*Data provided*.
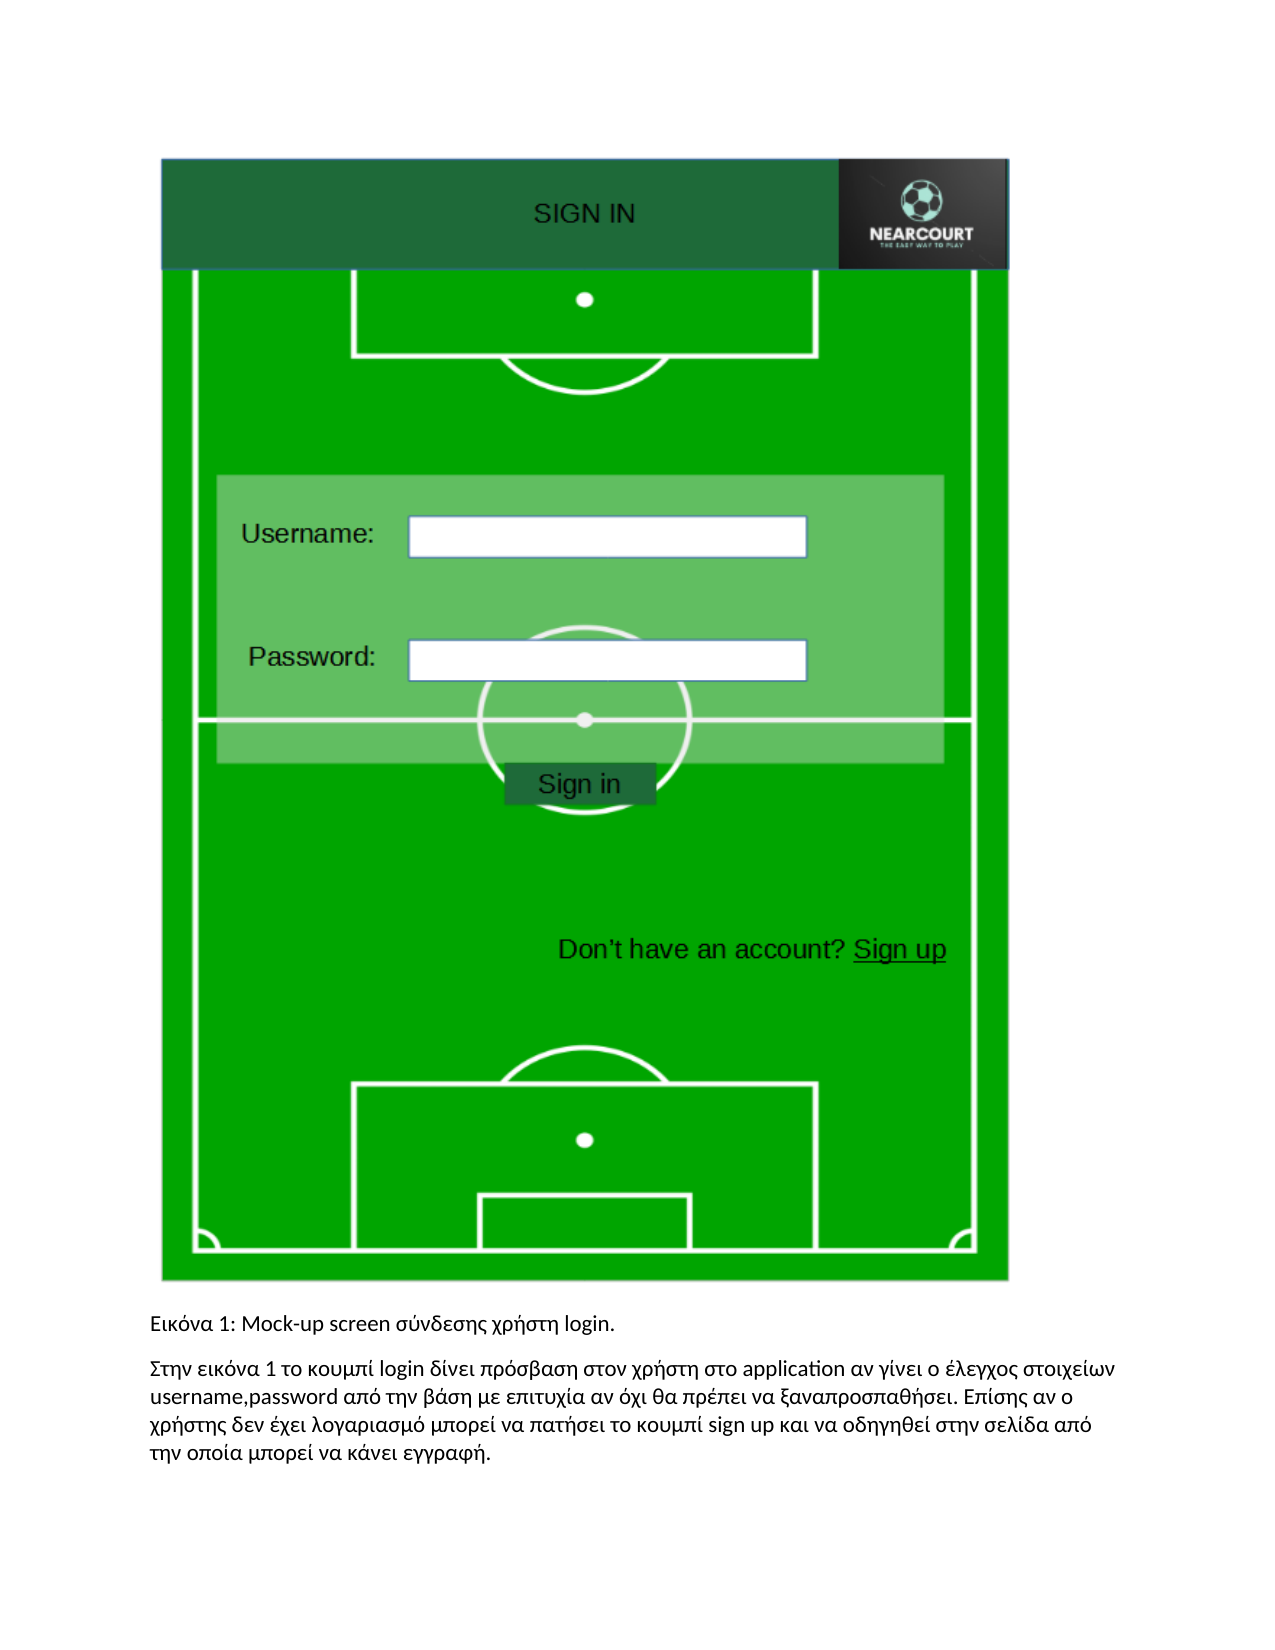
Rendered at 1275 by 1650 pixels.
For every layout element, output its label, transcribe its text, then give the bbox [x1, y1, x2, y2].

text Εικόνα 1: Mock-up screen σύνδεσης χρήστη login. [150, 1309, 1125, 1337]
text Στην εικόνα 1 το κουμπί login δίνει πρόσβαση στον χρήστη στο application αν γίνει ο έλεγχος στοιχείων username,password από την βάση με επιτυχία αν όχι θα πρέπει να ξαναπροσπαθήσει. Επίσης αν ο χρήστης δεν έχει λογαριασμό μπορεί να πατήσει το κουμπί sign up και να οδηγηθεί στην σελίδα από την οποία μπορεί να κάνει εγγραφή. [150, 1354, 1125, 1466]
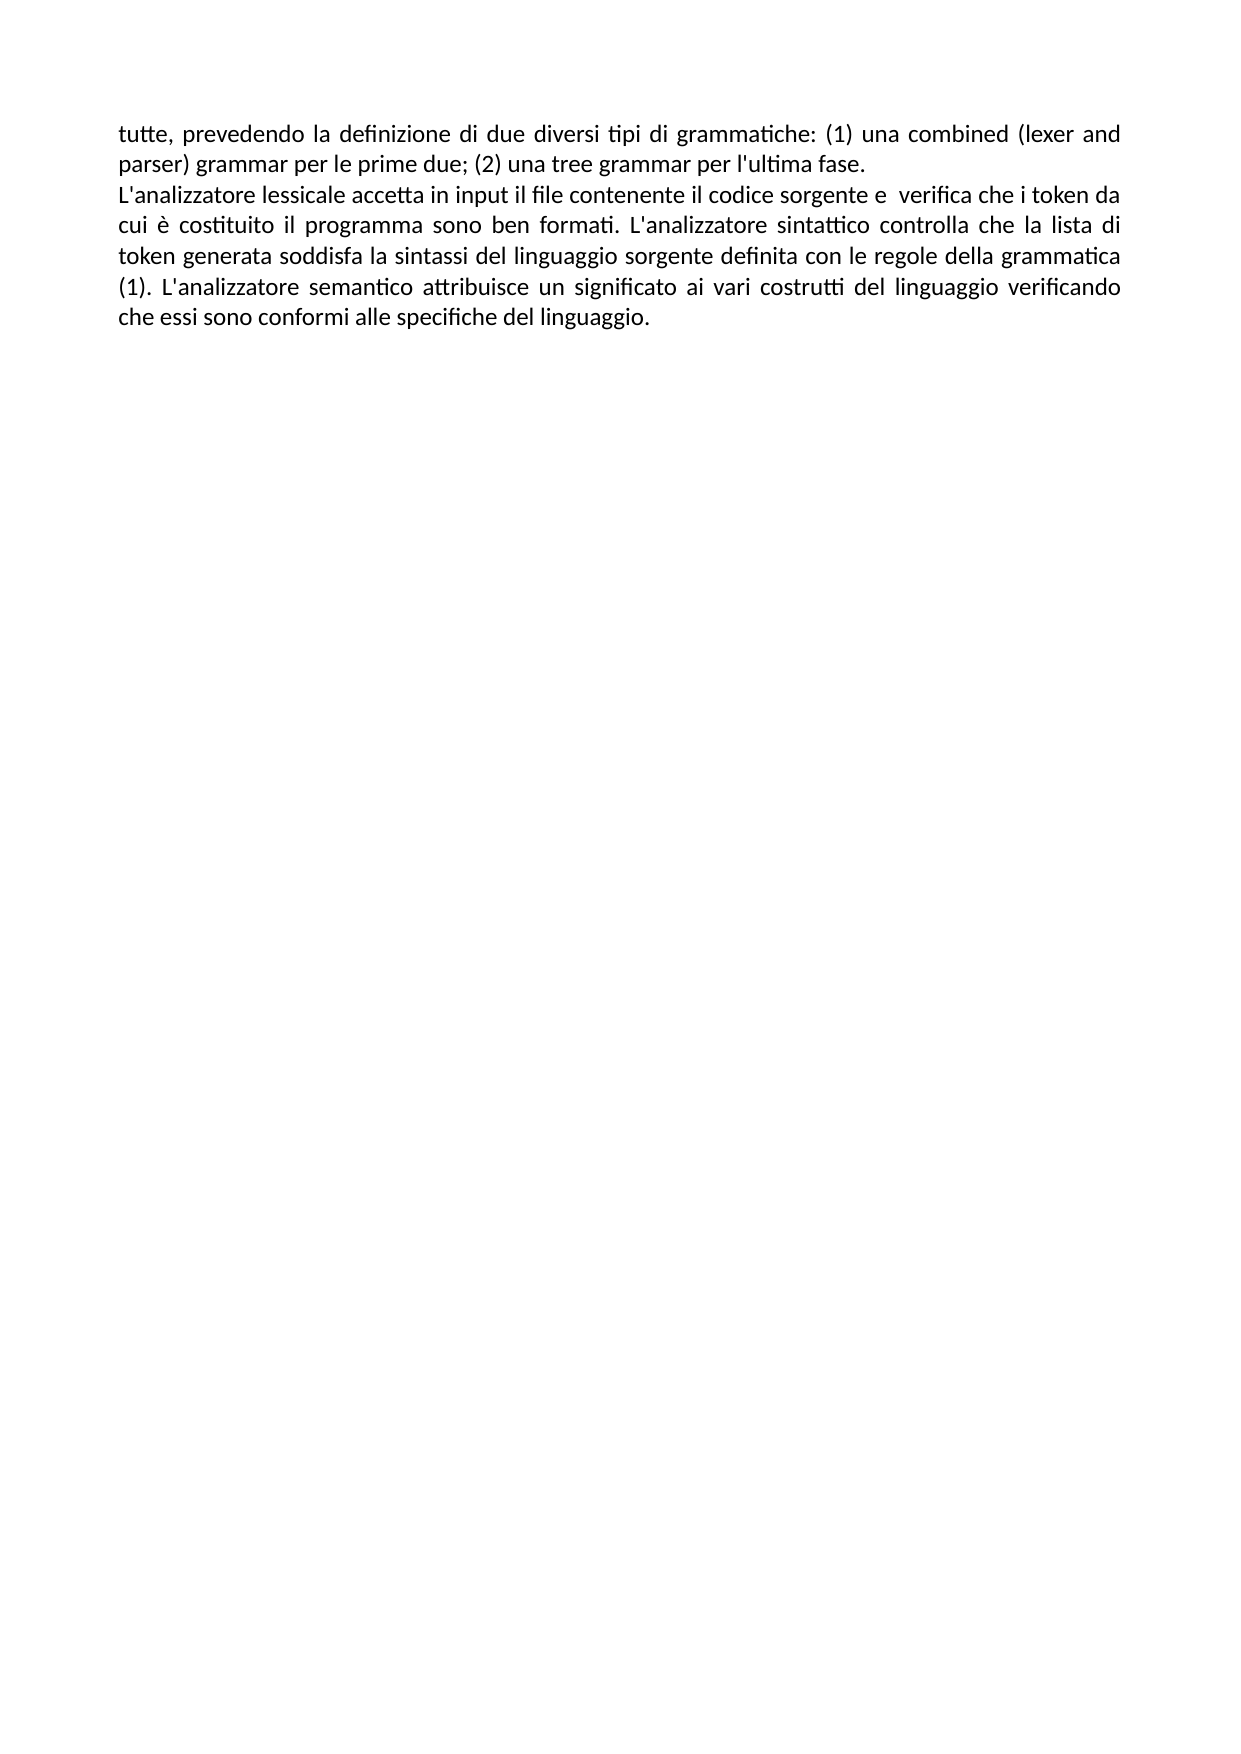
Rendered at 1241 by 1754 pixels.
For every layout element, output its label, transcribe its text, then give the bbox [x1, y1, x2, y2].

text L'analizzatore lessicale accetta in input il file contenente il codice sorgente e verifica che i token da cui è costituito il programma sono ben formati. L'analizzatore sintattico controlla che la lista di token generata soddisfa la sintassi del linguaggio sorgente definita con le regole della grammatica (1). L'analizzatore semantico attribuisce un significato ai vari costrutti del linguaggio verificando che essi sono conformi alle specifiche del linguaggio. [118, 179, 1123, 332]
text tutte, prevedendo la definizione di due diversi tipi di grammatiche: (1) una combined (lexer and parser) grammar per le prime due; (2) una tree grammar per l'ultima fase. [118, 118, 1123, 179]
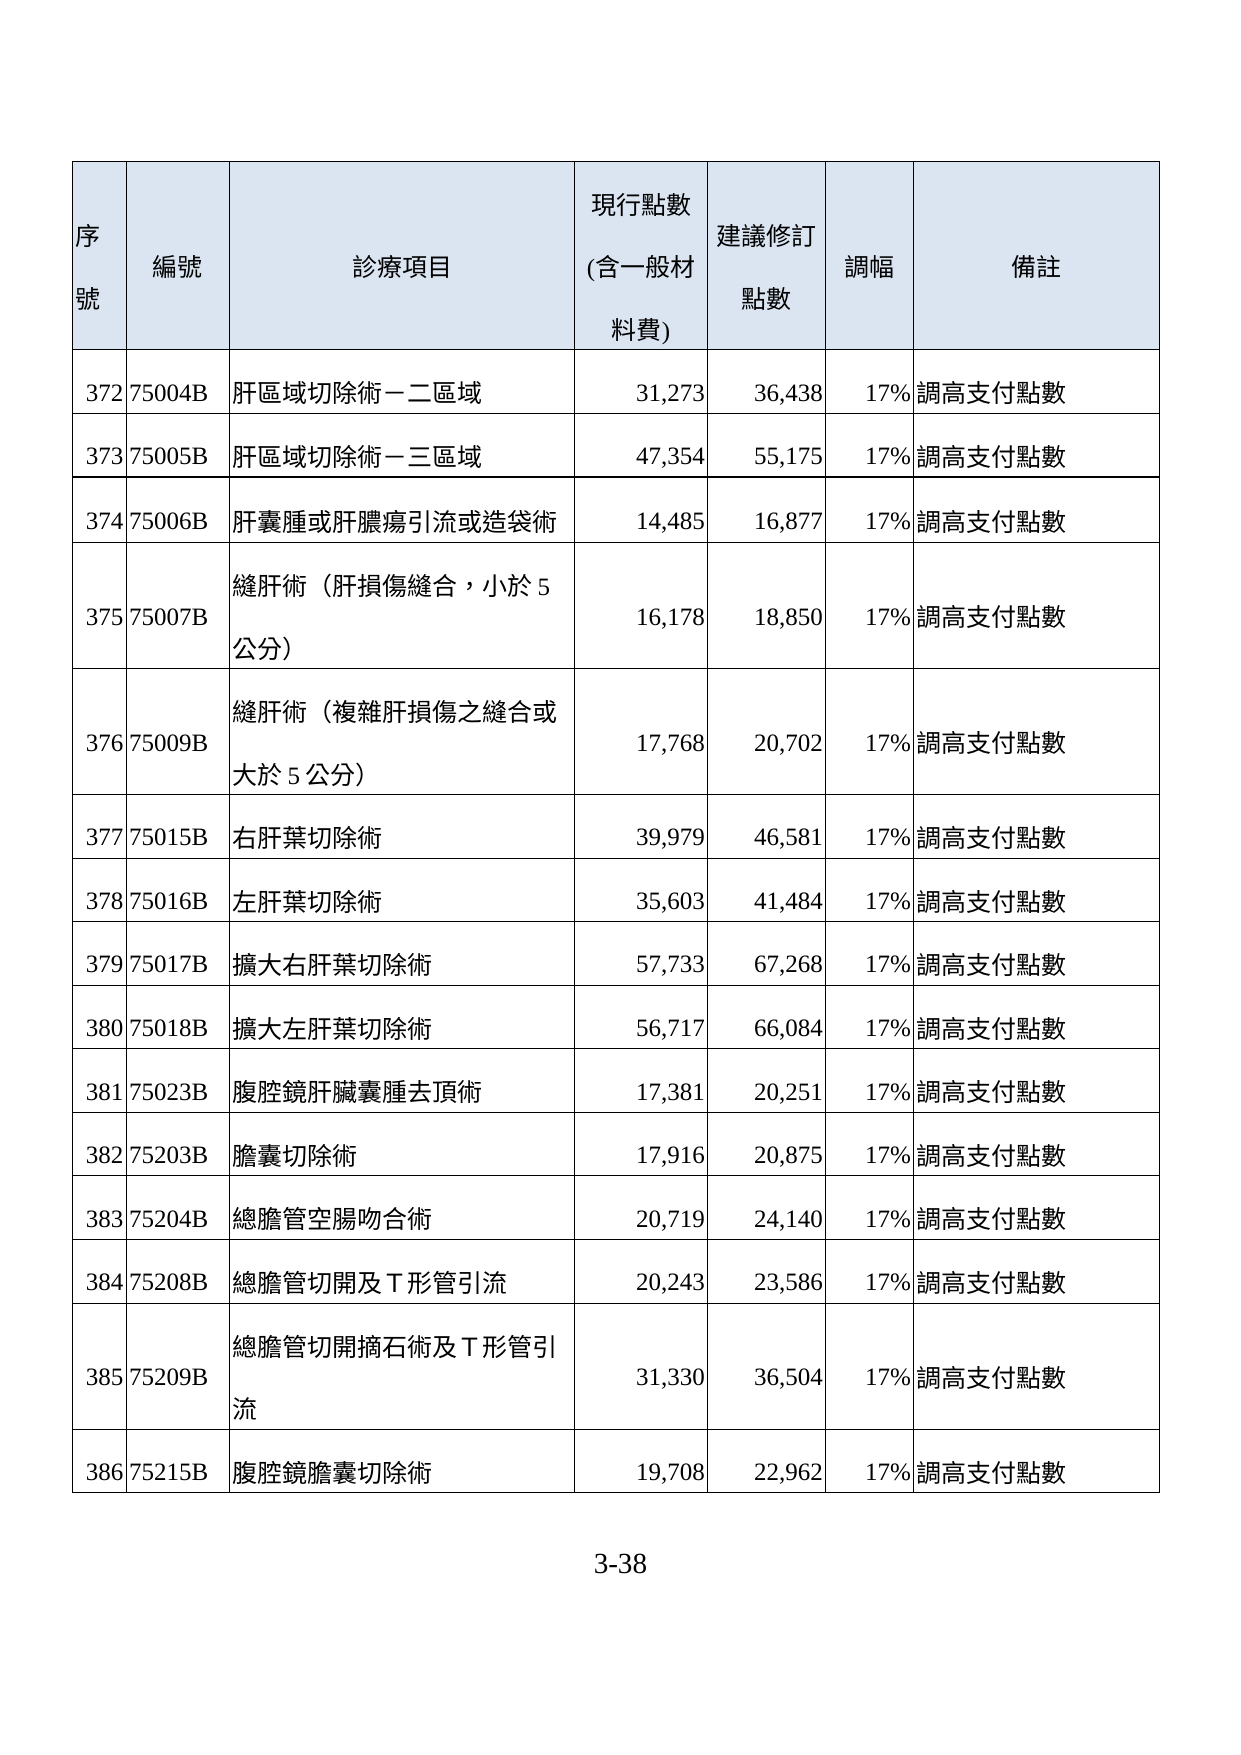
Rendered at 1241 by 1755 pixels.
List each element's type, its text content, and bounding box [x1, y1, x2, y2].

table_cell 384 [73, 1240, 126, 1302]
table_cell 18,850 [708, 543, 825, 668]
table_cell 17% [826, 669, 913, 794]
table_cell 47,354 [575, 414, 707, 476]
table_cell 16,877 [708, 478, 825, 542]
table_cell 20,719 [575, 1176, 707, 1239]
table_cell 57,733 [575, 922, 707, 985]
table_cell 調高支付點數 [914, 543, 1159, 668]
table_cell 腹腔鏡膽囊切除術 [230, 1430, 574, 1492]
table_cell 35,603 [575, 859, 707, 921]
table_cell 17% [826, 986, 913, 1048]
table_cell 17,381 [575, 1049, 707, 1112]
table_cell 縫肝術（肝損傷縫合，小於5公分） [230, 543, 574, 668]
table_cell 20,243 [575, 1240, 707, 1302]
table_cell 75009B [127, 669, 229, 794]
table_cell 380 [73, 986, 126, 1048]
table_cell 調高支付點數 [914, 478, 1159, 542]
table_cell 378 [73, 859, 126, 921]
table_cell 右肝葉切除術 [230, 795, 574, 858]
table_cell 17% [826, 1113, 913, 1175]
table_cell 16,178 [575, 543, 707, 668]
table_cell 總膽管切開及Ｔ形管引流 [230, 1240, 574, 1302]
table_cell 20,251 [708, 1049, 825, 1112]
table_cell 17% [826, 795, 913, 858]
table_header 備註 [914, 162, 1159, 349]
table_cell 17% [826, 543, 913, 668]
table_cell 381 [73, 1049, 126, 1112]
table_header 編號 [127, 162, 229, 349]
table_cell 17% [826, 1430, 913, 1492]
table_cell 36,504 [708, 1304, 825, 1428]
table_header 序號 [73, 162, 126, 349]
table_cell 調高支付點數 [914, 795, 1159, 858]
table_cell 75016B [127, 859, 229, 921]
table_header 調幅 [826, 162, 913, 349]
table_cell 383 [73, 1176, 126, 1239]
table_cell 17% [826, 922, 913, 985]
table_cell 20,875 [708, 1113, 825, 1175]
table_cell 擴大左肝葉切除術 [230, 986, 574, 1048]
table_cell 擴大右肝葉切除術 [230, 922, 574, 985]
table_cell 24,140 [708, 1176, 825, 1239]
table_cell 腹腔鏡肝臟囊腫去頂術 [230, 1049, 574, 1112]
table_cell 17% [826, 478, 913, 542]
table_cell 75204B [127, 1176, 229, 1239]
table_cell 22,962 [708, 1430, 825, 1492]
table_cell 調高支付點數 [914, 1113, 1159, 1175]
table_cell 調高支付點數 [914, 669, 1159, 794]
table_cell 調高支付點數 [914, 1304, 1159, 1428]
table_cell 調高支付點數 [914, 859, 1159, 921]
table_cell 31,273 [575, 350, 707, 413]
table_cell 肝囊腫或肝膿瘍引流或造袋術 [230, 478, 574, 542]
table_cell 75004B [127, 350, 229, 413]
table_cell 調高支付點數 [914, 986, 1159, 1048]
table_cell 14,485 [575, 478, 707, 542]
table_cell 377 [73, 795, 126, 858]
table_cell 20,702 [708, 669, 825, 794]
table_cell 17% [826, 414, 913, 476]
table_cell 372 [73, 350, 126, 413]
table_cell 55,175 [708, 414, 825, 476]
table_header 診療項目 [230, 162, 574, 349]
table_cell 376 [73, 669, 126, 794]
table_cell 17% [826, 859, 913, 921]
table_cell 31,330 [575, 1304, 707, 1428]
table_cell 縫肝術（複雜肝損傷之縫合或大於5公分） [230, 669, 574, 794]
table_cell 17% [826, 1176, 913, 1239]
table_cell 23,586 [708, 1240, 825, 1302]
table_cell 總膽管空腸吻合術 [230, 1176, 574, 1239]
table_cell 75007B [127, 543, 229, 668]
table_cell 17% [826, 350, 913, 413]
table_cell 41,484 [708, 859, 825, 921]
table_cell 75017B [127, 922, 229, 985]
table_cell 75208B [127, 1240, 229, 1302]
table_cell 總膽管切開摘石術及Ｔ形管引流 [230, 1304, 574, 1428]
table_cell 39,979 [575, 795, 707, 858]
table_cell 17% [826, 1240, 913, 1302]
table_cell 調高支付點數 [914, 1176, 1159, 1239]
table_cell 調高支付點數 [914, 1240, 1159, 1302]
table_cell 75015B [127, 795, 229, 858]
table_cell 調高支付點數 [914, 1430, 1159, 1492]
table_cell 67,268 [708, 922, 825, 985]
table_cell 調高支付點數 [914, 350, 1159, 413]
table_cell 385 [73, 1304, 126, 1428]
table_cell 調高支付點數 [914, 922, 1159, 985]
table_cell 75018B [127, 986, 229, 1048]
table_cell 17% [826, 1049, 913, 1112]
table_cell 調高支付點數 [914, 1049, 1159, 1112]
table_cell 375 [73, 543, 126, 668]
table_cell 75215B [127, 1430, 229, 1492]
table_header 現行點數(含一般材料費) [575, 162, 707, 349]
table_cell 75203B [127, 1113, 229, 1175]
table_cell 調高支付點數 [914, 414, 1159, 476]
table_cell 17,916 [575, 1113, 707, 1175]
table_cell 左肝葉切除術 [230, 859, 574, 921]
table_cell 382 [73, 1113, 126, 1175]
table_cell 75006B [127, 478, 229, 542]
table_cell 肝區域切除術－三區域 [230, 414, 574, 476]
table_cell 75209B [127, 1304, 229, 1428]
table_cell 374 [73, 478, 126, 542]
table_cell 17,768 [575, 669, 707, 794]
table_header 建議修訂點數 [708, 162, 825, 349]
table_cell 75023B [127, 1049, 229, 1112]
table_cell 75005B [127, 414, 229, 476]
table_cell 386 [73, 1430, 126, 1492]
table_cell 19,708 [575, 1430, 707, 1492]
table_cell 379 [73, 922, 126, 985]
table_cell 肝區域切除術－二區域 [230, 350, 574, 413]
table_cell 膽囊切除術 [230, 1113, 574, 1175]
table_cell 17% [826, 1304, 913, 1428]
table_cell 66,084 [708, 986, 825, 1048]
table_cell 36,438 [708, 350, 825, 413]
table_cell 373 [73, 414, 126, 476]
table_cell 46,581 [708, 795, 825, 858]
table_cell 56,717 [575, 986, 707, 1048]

*Problem to solve*.
Of the entries above, tally the lines with "login" in them. Only the total should be given.

*Exercise result*.
2